Anonymous Monk has asked for the wisdom of the Perl Monks concerning the following question:

I'm using WWW::Mechanize and I'm trying to figure out how to get all the outbound links in a page. Getting all links within the same domain is easy enough:
use strict; use Data::Dumper; use WWW::Mechanize; my $mech = new WWW::Mechanize; $mech->get('http://example.com/'); my $hostname = quotemeta( $mech->uri()->host ); my @inbound_links = $mech->find_all_links( url_abs_regex => qr!^https?://$hostname/! ); print Dumper(\@inbound_links);
However, I'm having a brain fart and cannot figure out how to do the inverse, getting all links NOT in the current domain?

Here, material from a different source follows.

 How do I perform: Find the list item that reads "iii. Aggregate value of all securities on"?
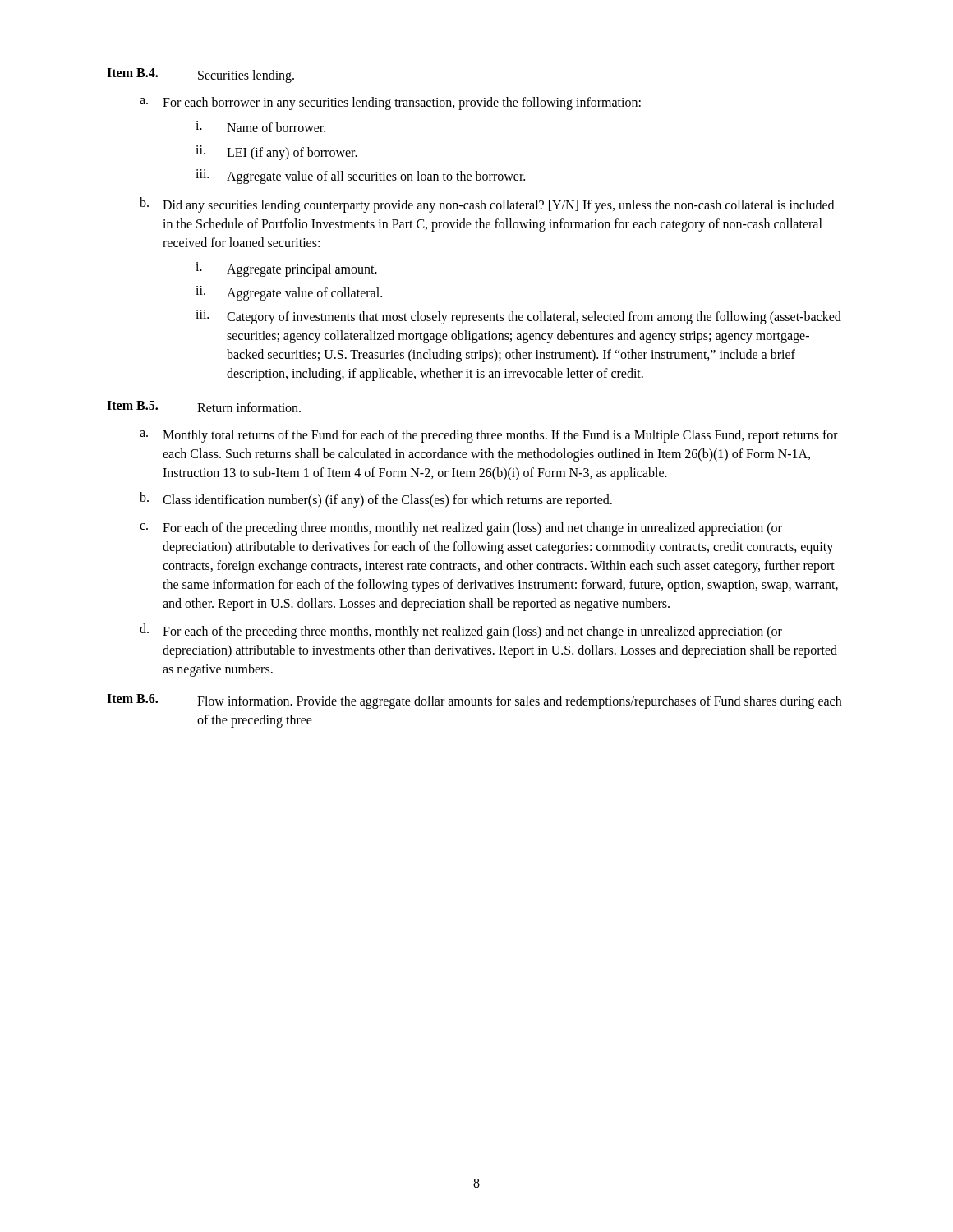(x=521, y=176)

Replies are listed 'Best First'.
Re: Get all outbound links with WWW::Mechanize?
by Corion (Patriarch) on Mar 23, 2011 at 15:43 UTC

    The easy way is to just pull all links and apply your regular expression outside:

    ... my @outbound_links = grep { $_->url !~ qr!^https?://$hostname/! } $mec +h->find_all_links; ...

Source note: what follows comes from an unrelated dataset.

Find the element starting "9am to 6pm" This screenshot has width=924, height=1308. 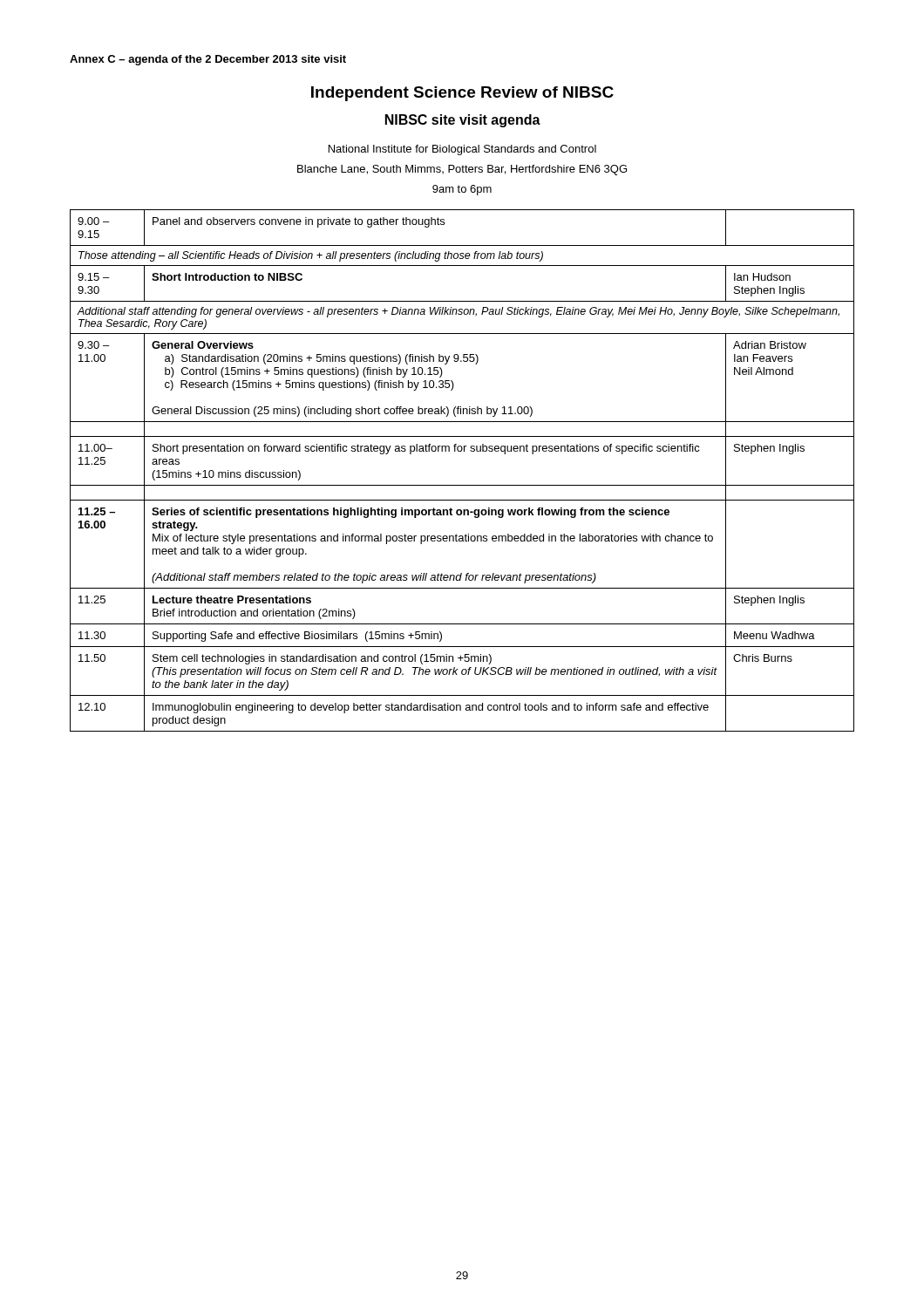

    The harder way is to make your regular expression look ahead and ensure that it doesn't match:

    my @outbound_links = $mech->find_all_links( url_abs_regex => qr<^(?!https?://\Q$hostname\E/)>, );
Re: Get all outbound links with WWW::Mechanize?
by educated_foo (Vicar) on Mar 23, 2011 at 15:43 UTC
    Try url_abs_regex => qr!^https?://(?!$hostname)[^/]*/!